Der Schweizer Zoll schieße sich damit sogar wohl eher ein Eigentor, so Hölzle. Denn die Ausfuhrscheine seien in Deutschland schnell abgestempelt. Auf der Schweizer Seite könnte sich dagegen wahrscheinlich schnell eine große Menge an Scheinen anhäufen.

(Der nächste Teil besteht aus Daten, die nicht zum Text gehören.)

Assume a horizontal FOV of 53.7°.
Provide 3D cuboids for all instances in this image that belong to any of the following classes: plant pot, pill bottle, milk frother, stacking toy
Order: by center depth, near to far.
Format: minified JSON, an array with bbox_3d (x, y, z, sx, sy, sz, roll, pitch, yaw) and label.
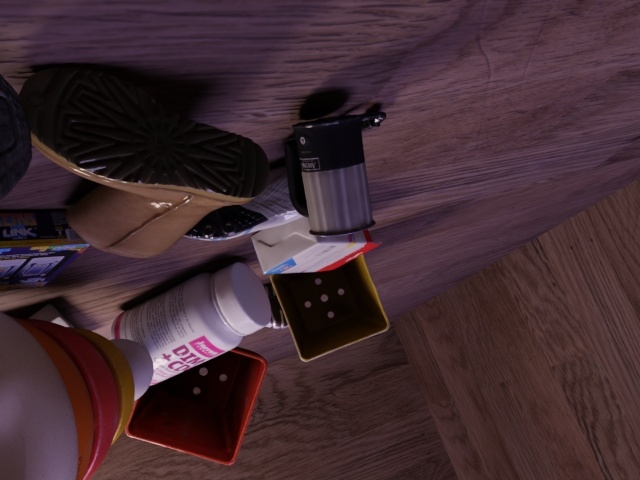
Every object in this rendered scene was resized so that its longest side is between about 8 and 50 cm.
[{"bbox_3d":[0.036,-0.089,0.789,0.143,0.134,0.129,-13,-166,-20],"label":"milk frother"},{"bbox_3d":[-0.401,0.246,0.949,0.351,0.350,0.480,-25,173,12],"label":"stacking toy"},{"bbox_3d":[-0.249,0.159,1.230,0.283,0.160,0.160,-27,165,17],"label":"pill bottle"},{"bbox_3d":[0.016,0.140,1.489,0.212,0.212,0.187,-21,178,-4],"label":"plant pot"},{"bbox_3d":[-0.300,0.360,1.591,0.268,0.267,0.236,19,-179,-7],"label":"plant pot"}]

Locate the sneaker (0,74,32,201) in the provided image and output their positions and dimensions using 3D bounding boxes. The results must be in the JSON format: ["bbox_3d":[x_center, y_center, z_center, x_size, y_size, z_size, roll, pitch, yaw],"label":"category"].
[{"bbox_3d":[-0.399,-0.057,0.378,0.411,0.157,0.182,-13,-166,-37],"label":"sneaker"}]

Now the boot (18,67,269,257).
[{"bbox_3d":[-0.212,-0.052,0.648,0.236,0.089,0.270,21,156,-32],"label":"boot"}]

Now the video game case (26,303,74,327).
[{"bbox_3d":[-0.576,0.268,1.134,0.329,0.036,0.300,-39,167,-19],"label":"video game case"}]

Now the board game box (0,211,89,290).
[{"bbox_3d":[-0.382,0.016,0.745,0.141,0.048,0.170,-30,163,37],"label":"board game box"}]

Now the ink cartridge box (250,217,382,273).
[{"bbox_3d":[0.000,0.000,1.176,0.134,0.077,0.231,-29,164,30],"label":"ink cartridge box"}]

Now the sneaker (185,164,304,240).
[{"bbox_3d":[-0.092,-0.050,0.864,0.237,0.085,0.086,-14,173,-14],"label":"sneaker"}]

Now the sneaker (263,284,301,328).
[{"bbox_3d":[-0.193,0.178,1.540,0.282,0.106,0.163,7,156,-44],"label":"sneaker"}]

Der Aufwand, der betrieben werden müsste, stünde in keinem Verhältnis zu den Beträgen. Er glaube nicht, dass es im Interesse des Schweizer Zolls wäre, neue Arbeitskräfte einzustellen, nur um die Flut an Scheinen zu bewältigen.
Die niedrigeren Preise ziehen die Schweizer über die Grenze
Irmgard Lerch führt ihr Teehaus am Schnetztor seit über 30 Jahren. „Ich kann es aus Schweizer Sicht durchaus verstehen“, sagt sie zu einer Senkung der Freigrenze. Für sinnvoll, durch- und umsetzbar halte sie das aber nicht. Vielleicht würden sich ein paar Schweizer dadurch abschrecken lassen, aber die Mehrheit würde wohl trotzdem kommen. Eben weil viele Einkäufe in Deutschland nun einmal viel günstiger seien.
„Konstanzer Samstage sind auf die Schweizer ausgelegt“
Für die Stadt sind die Schweizer Einkaufstouristen eine große Einnahmequelle. Vor allem samstags sei man darauf ausgelegt, sagen zwei junge Mitarbeiterinnen aus Einzelhandel und Gastronomie. Sicher, es sei dann sehr voll in der Stadt. Aber wenn man keine Lust auf Menschenmassen habe, kenne man als Konstanzer bei Einkäufen seine Ausweichmöglichkeiten.
Und die Stadt profitiere nun einmal sehr von den Einkäufern aus dem Nachbarland, so die jungen Konstanzerinnen. Dass sich die Schweizer von einer Freigrenzsenkung davon abhalten lassen würden, nach Konstanz zu kommen, halten beide für unwahrscheinlich.
Dieser Meinung sind auch Friedrich Benrath und Nora Ridder. „Der Stadt geht es durch den Einkaufstourismus überdurchschnittlich gut“, glauben beide. Und wenn es einem zu voll werde, weiche man dementsprechend eben aus. Beispielsweise auf Läden, die nicht in der Innenstadt liegen.

Timo und Anja Kremer kommen zwar aus dem Norden Deutschlands, sind aber sehr häufig in Konstanz. Für sie stellt der Einkaufstourismus ebenfalls kein Problem dar, sie würden es aber eher von der Touristenseite betrachten. „Wir können uns aber gut vorstellen, dass es die Einwohner störend sein kann, wenn es so voll wird“, meinen beide.